I mean, look at it. Just look at it.

This is a gameplay screenshot, not an animated cutscene. This is what the game looks like. Ain't it pretty?

This is a gameplay screenshot. This is what the game looks like, more or less. Ain’t it pretty?

Ni No Kuni is visually appealing, but its excellence doesn’t stop there. The music, composed by renowned film composer Joe Hisaishi and performed by a live orchestra, is fantastic. Most importantly, the game is flipping fun to play.

The gameplay blends the fighting and adventuring of Final Fantasy games and the creature-catching of Pokémon. Oliver and his companions command familiars, adorable monsters that handle most of the fighting. Like Pokémon, familiars can be caught, trained, and metamorphosed into stronger creatures. Outside of battle, exploration is fun and sidequests abound.

Ni No Kuni even includes the full text of an original book, The Wizard’s Companion, which contains maps, spells, descriptions of familiars, old-fashioned illustrations, runes to decipher, and fairy tales. Yes, this fairy tale contains fairy tales of its own, and they’re delightful. In fact, The Wizard’s Companion is so good that I wish I owned a hard copy. As Oliver travels, he gathers the book’s scattered pages, unlocking more reading material.

Alas, Ni No Kuni is not quite perfect. It’s hard to read The Wizard’s Companion on a television screen, and flipping through its pages is a pain.

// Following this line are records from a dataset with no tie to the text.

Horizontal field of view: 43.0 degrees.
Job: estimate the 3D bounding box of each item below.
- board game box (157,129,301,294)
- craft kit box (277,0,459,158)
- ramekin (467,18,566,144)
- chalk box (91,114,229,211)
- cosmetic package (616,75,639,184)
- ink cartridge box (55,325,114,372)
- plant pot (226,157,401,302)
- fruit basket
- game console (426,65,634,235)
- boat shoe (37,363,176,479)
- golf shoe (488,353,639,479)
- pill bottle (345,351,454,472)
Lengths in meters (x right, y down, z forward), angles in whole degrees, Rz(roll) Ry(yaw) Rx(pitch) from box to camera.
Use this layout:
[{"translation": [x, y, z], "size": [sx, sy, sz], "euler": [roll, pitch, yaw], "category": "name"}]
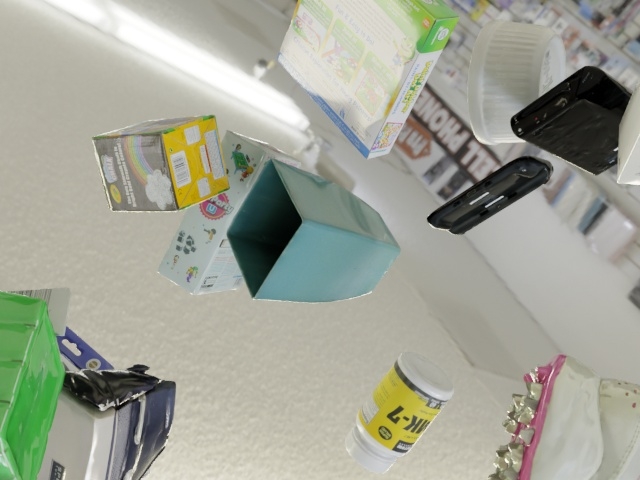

By far the biggest flaw of Ni No Kuni is its ending. Without spoiling anything, I must admit that it feels tacked on. The game reaches a satisfying conclusion, with Oliver reaching his goal and finishing his character arc… and then the game goes on for another four to six hours, limping doggedly to an anticlimax. Although the game’s final chapter answers some lingering questions, a little rewriting would have tied up those loose ends sooner, giving the game a stronger finish.

Despite its weak ending, this game is one of the finest I’ve ever played. RPGs aren’t for everyone, but for anyone with the patience, Ni No Kuni is a gem.

Monthly Girls’ Nozaki-kun

Monthly Girls' Nozaki-kun

I can’t decide whether Monthly Girls’ Nozaki-kun is a heartwarming parody or a self-aware romantic comedy. Either way, it’s brilliant.

In Japan, there is a genre of manga (comics) called shojo. This genre is aimed at teenage girls, generally focusing on romance and emotional characters. Monthly Girls’ Nozaki-kun is the story of a high school student named Sakura. When she tries to confess romantic feelings for Nozaki, one of her classmates, he mistakes her for a fan of his work. You see, Nozaki—an analytical, unromantic wet blanket—is secretly the writer and artist behind a popular shojo manga series, Let’s Fall in Love. When Nozaki invites Sakura to be his assistant, she agrees, hoping to get closer to him.

This twelve-episode series is a hilarious deconstruction of romantic comedies. The eponymous Nozaki-kun is intrigued by romance, but only from an academic point of view. For example, he loves St. Valentine’s Day, but only because observing romantic couples gives him ideas for his manga series. The thought of actually being romantic never crosses his mind. This makes for some delightful moments when Sakura is convinced he is finally falling in love with her… only to realize he’s testing out ideas for his manga.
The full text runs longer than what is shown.